Villagers smell success in the scented wood industry in Hainan, China


HAIKOU (XINHUA) — A huge argument broke out between Guan Wanhou and his father.
“Certainly not! Agarwood making is a craft passed down from generation to generation within the family, how can I share our secrets with other villagers,” said Guan Yiguang, the old Guan, refusing the his son’s suggestion to teach their techniques to other villagers.

“Times have changed! If you want to be successful in this business, you can’t work alone,” his son explained.

Agarwood, better known as chen xiang in China, is known to be fragrant and have medicinal effects in traditional Chinese medicine. It is often used for perfume, incense and souvenir carvings.

The Guan family resides in Qinbiao Village, Ledong Li Autonomous County, Hainan Province (southern China). The family excels in the cultivation of agarwood.

Guan Wanhou is a sixth-generation heir to the craft of agarwood making in his family. In 2006, he retired from the army and returned to his hometown to pass on his father’s trade.

Years passed, but Guan’s wish to become big in the business didn’t come true, especially since the country banned the harvesting of wild agarwood.

“I felt like I was working alone,” he said.

Junior Guan went to ask why the local villagers were reluctant to grow aquilaria.
“They told me they didn’t know the right techniques for making agarwood and they didn’t want to spend too much time on something they weren’t sure about,” he said. declared.

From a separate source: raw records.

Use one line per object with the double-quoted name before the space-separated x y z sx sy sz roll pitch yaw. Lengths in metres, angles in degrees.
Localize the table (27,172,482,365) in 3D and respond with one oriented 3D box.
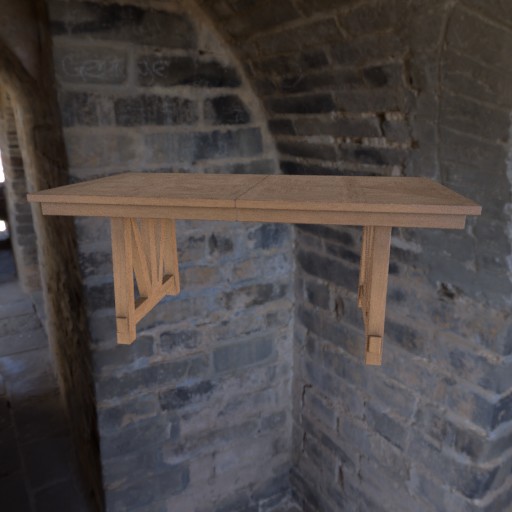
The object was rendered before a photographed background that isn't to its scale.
"table" 0.000 0.000 2.391 1.881 0.768 1.016 3 16 9
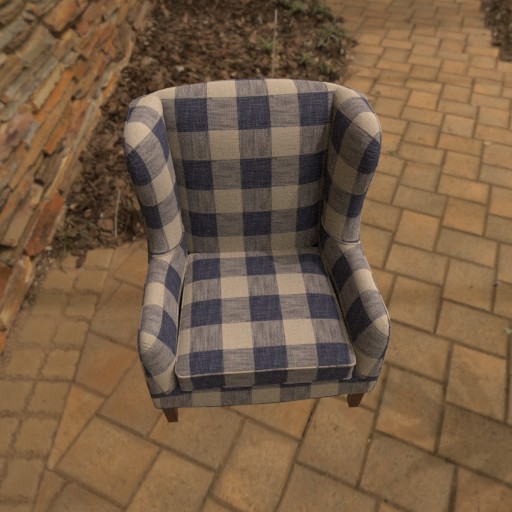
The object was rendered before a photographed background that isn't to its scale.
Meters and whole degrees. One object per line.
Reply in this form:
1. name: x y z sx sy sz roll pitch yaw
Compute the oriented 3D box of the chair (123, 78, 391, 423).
1. chair: 0.000 0.000 1.708 0.830 1.041 0.889 -4 47 -3
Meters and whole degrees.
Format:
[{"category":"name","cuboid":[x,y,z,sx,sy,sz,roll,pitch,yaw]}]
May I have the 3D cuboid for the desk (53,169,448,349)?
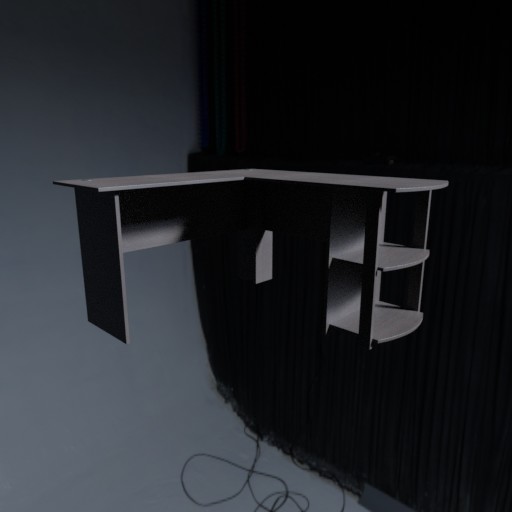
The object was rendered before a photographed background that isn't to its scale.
[{"category":"desk","cuboid":[0.000,0.000,2.131,1.361,0.716,1.303,14,20,43]}]
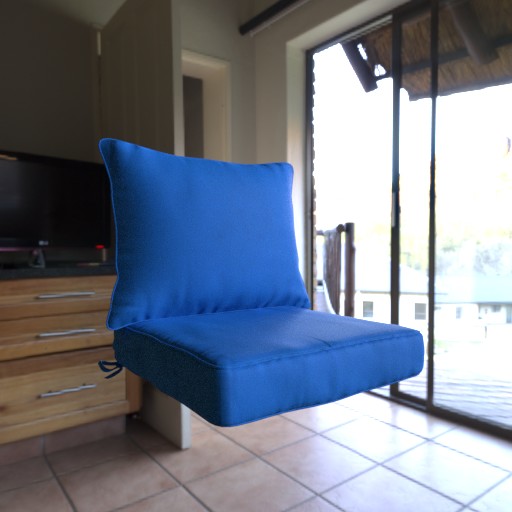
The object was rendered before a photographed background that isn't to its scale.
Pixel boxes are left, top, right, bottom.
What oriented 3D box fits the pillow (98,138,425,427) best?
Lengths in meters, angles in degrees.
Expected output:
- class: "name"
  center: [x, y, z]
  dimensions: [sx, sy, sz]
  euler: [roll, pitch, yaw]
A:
- class: "pillow"
  center: [0.000, 0.000, 1.341]
  dimensions: [0.798, 0.725, 0.733]
  euler: [-1, 2, -35]
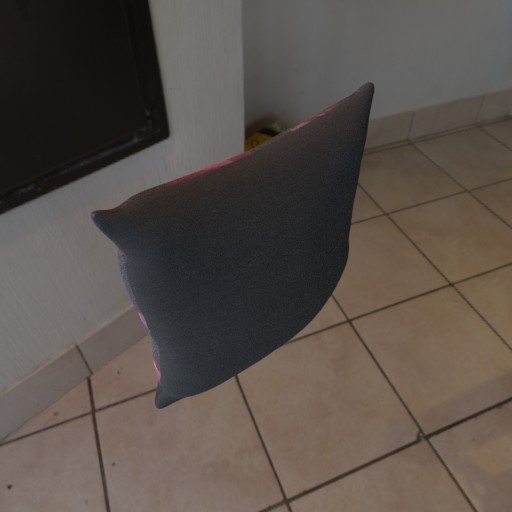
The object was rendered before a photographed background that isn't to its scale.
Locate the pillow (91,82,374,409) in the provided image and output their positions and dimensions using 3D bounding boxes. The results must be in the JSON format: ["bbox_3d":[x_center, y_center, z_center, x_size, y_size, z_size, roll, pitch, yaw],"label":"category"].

Guan then began to convince his father to share their craft of making agarwood with the locals so that more people would join them. Elder Guan argued strongly with his son, but eventually relented.

“I told my father that agarwood has a huge market and the supply is dwarfed by the demand,” said junior Guan.

Guan Wanhou then began to persuade local villagers to plant aquilaria and promised to teach them the techniques of making agarwood.

Some local residents agreed and gained skills in planting and caring for trees and making agarwood.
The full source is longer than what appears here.